Australian crime author Peter Corris in 2010.

Australian crime author Peter Corris in 2010. Photo: AAP

One of Australia’s most prolific writers, Peter Corris, has died in his sleep at the age of 76.

A published writer for almost 40 years, Corris was an academic, journalist and former literary editor of The National Times, in addition to being a popular novelist.

His first book was published in 1980, the first of 102 books in total, most of them novels. That figure includes foreign editions.

Corris is best known for the series that book-ended his career, that of private detective Cliff Hardy.

Peter Corris wrote 52 Cliff Hardy books. Photo: AAP

American publisher McGraw published the debut Cliff Hardy novel, The Dying Trade, in 1980.

Corris’s final book published last year was also a Cliff Hardy novel: Win, Lose or Draw.
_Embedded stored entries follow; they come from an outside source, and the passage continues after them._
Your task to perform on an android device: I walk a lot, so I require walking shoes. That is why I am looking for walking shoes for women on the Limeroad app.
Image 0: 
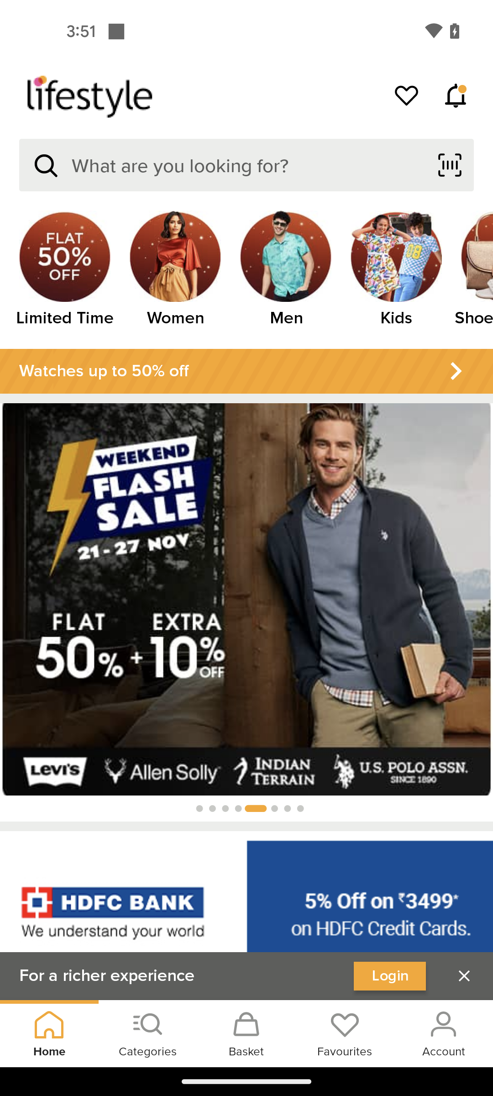
Open the Limeroad app
Step 0: open app "Limeroad"
Image 1: 
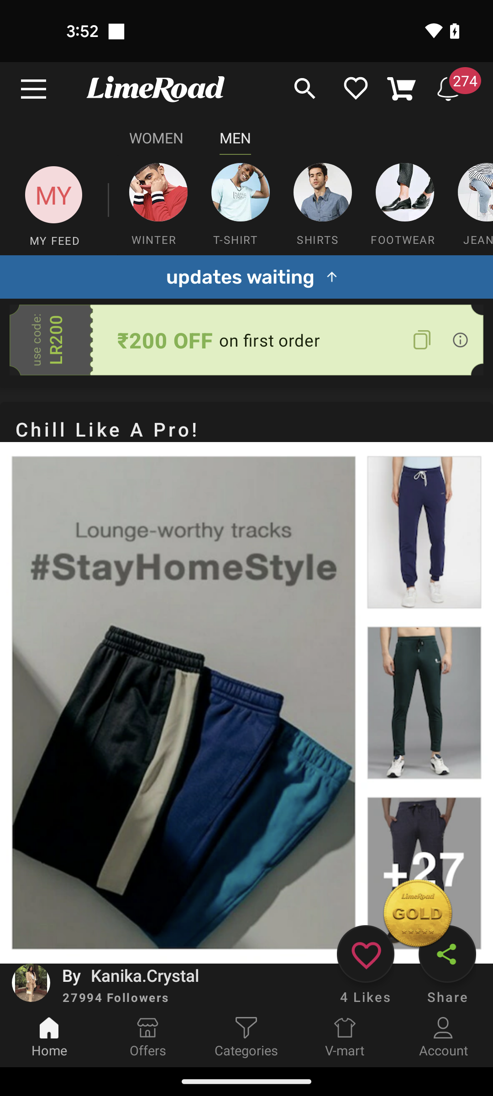
Click on the search icon
Step 1: click (305, 89)
Image 2: 
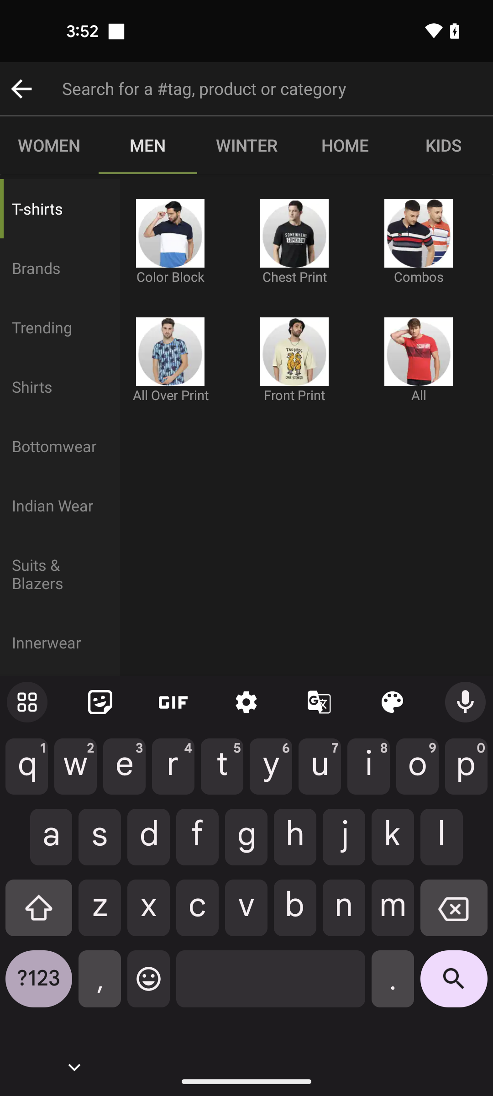
Search for walking shoes for women
Step 2: type "walking shoes for women"

“He was a really positive person, cheerful, unlike most authors. He was humble, not at all full of ego,” his friend Kathy Gollan said.
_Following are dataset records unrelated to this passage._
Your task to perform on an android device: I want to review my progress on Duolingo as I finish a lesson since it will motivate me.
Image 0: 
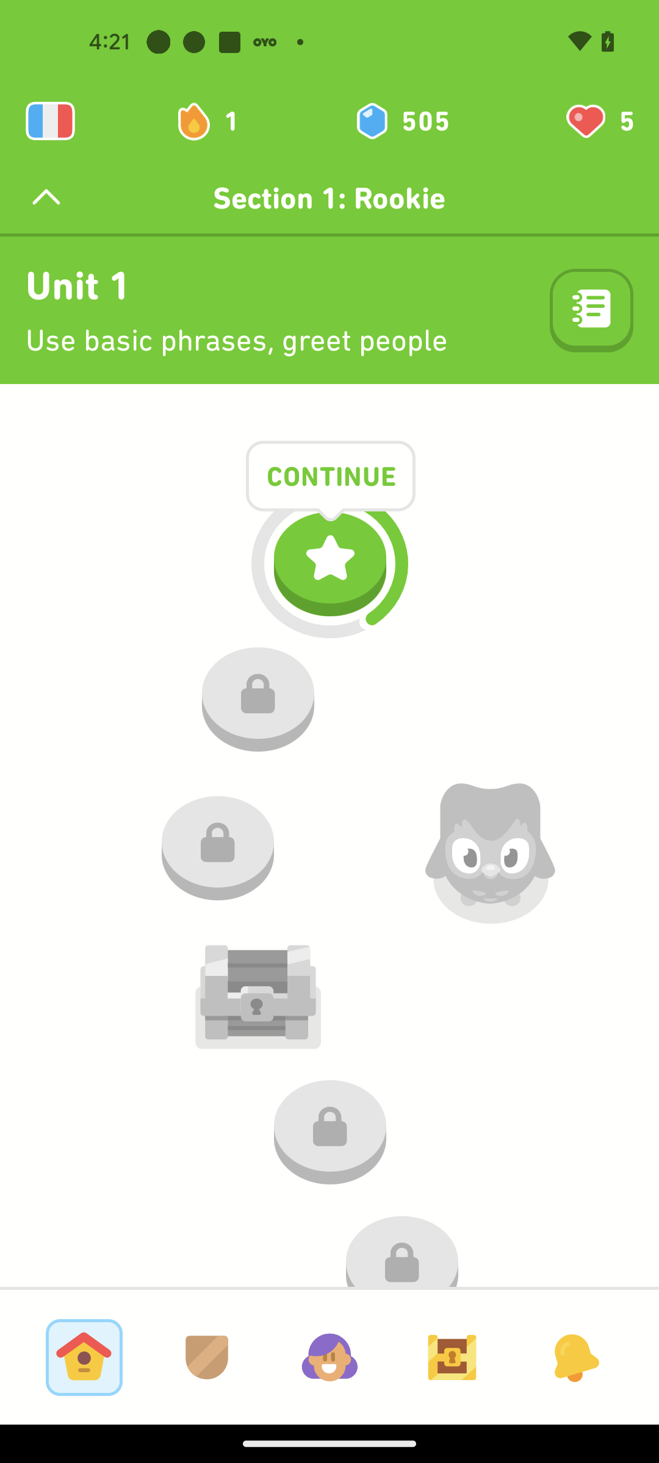
Go to the Account tab
Step 0: click (329, 1357)
Image 1: 
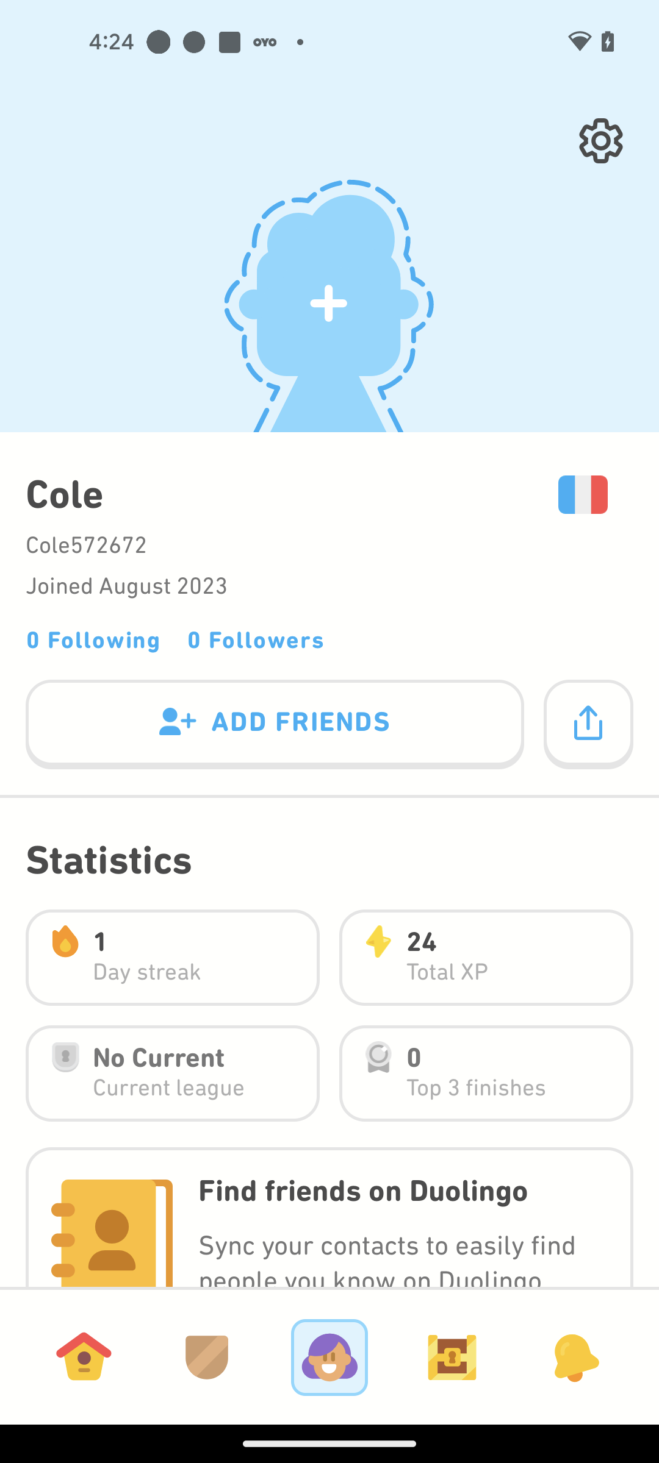
Swipe up to view more details
Step 1: scroll down

In addition to 52 Cliff Hardy books, the longest Australian publishing series of its kind, Corris wrote collaborative biographies with Philip Nitschke, Fred Hollows, John Sinclair and Ray Barrett.

In 2000 he published an autobiography that tackled his relationship with chronic illness, Sweet and Sour: A Diabetic Life.

Corris was born in Stawell, in western Victoria, and his family moved to Melbourne when he was five.

After an education at Melbourne High School, then Melbourne and Monash universities, he entered academia but became enchanted by the idea of writing detective fiction during a trip to the US in 1970.

By 1976 he had settled in Sydney, where journalism underpinned his fledgling career as a novelist.

His final “job” was as literary editor of The National Times in 1979-80, after which he mostly wrote books.

Allen and Unwin was Corris’s principal publisher. His other series, in addition to Cliff Hardy, were the Ray Crawly, Richard Browning and Luke Dunlop novels.

Despite his prolific career and popularity, Corris failed to translate his three nominations and two short-listings into a Ned Kelly Award for crime fiction.

Nonetheless he collected the Ned Kelly Award for lifetime achievement in 1999.

Corris was diagnosed with type-1 diabetes at 16 and in the past year succumbed to blindness, which forced him to stop writing.

“He loved writing. He didn’t agonise over it like some people do. He wrote quickly and was sad to stop,” Ms Gollan said.

Corris spoke to ABC Canberra in January 2017 about his final book and his failing eyesight.

“My eyesight, which has been poor for a long time, dropped suddenly and made it just too difficult, too stressful, too painful, really, to write any more,” he said.

“I can still get around and do most things … but things like writing and reading and so on have just become too difficult.”

Corris is survived by his wife, the writer Jean Bedford, daughters Sofya Gollan, Miriam Corris and Ruth Corris, and seven grandchildren.